We further choose a sequence length 5 (i.e. the network always sees the last 5 time steps) and always predict one step into the future (i.e. the prediction window is set to 1):
const seq_length = 3
const prediction_window = 1
const upscale_dimension_1 = 2
const T = Float16
function set_up_networks(upscale_dimension::Int = upscale_dimension_1)
model_skew = Chain(Dense(1, upscale_dimension, tanh), VolumePreservingAttention(upscale_dimension, seq_length; skew_sym = true), Dense(upscale_dimension, 1, identity; use_bias = true))
model_arb = Chain(Dense(1, upscale_dimension, tanh), VolumePreservingAttention(upscale_dimension, seq_length; skew_sym = false), Dense(upscale_dimension, 1, identity; use_bias = true))
model_comp = Chain(Dense(1, upscale_dimension, tanh), Dense(upscale_dimension, 1, identity; use_bias = true))
nn_skew = NeuralNetwork(model_skew, CPU(), T)
nn_arb = NeuralNetwork(model_arb, CPU(), T)
nn_comp = NeuralNetwork(model_comp, CPU(), T)
nn_skew, nn_arb, nn_comp
end
nn_skew, nn_arb, nn_comp = set_up_networks()
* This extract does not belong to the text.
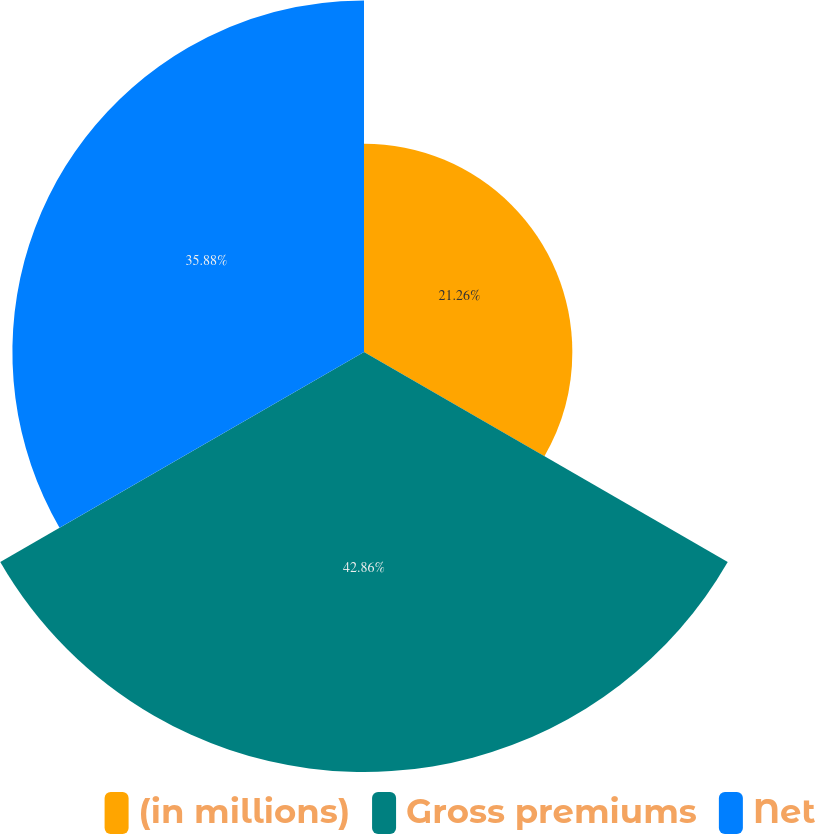<chart> <loc_0><loc_0><loc_500><loc_500><pie_chart><fcel>(in millions)<fcel>Gross premiums<fcel>Net<nl><fcel>21.26%<fcel>42.86%<fcel>35.88%<nl></chart>

(NeuralNetwork{AbstractNeuralNetworks.UnknownArchitecture, Chain{Tuple{Dense{1, 2, true, typeof(tanh)}, VolumePreservingAttention{2, 2, :skew_sym, 3}, Dense{2, 1, true, typeof(identity)}}}, Tuple{@NamedTuple{W::Matrix{Float16}, b::Vector{Float16}}, @NamedTuple{A::SkewSymMatrix{Float16, Vector{Float16}}}, @NamedTuple{W::Matrix{Float16}, b::Vector{Float16}}}, CPU}(AbstractNeuralNetworks.UnknownArchitecture(), Chain{Tuple{Dense{1, 2, true, typeof(tanh)}, VolumePreservingAttention{2, 2, :skew_sym, 3}, Dense{2, 1, true, typeof(identity)}}}((Dense{1, 2, true, typeof(tanh)}(tanh), VolumePreservingAttention{2, 2, :skew_sym, 3}(), Dense{2, 1, true, typeof(identity)}(identity))), ((W = Float16[-0.6455; -1.463;;], b = Float16[-1.624, -0.2177]), (A = Float16[0.0 -0.1244; 0.1244 0.0],), (W = Float16[0.981 0.07996], b = Float16[1.549])), CPU(false)), NeuralNetwork{AbstractNeuralNetworks.UnknownArchitecture, Chain{Tuple{Dense{1, 2, true, typeof(tanh)}, VolumePreservingAttention{2, 2, :arbitrary, 3}, Dense{2, 1, true, typeof(identity)}}}, Tuple{@NamedTuple{W::Matrix{Float16}, b::Vector{Float16}}, @NamedTuple{A::Matrix{Float16}}, @NamedTuple{W::Matrix{Float16}, b::Vector{Float16}}}, CPU}(AbstractNeuralNetworks.UnknownArchitecture(), Chain{Tuple{Dense{1, 2, true, typeof(tanh)}, VolumePreservingAttention{2, 2, :arbitrary, 3}, Dense{2, 1, true, typeof(identity)}}}((Dense{1, 2, true, typeof(tanh)}(tanh), VolumePreservingAttention{2, 2, :arbitrary, 3}(), Dense{2, 1, true, typeof(identity)}(identity))), ((W = Float16[-1.342; 0.412;;], b = Float16[0.5933, -0.7686]), (A = Float16[-1.125 -0.3372; -0.0861 -0.9746],), (W = Float16[0.206 -1.019], b = Float16[0.5054])), CPU(false)), NeuralNetwork{AbstractNeuralNetworks.UnknownArchitecture, Chain{Tuple{Dense{1, 2, true, typeof(tanh)}, Dense{2, 1, true, typeof(identity)}}}, Tuple{@NamedTuple{W::Matrix{Float16}, b::Vector{Float16}}, @NamedTuple{W::Matrix{Float16}, b::Vector{Float16}}}, CPU}(AbstractNeuralNetworks.UnknownArchitecture(), Chain{Tuple{Dense{1, 2, true, typeof(tanh)}, Dense{2, 1, true, typeof(identity)}}}((Dense{1, 2, true, typeof(tanh)}(tanh), Dense{2, 1, true, typeof(identity)}(identity))), ((W = Float16[-0.538; 0.2615;;], b = Float16[-1.312, -1.275]), (W = Float16[0.3884 0.109], b = Float16[0.2737])), CPU(false)))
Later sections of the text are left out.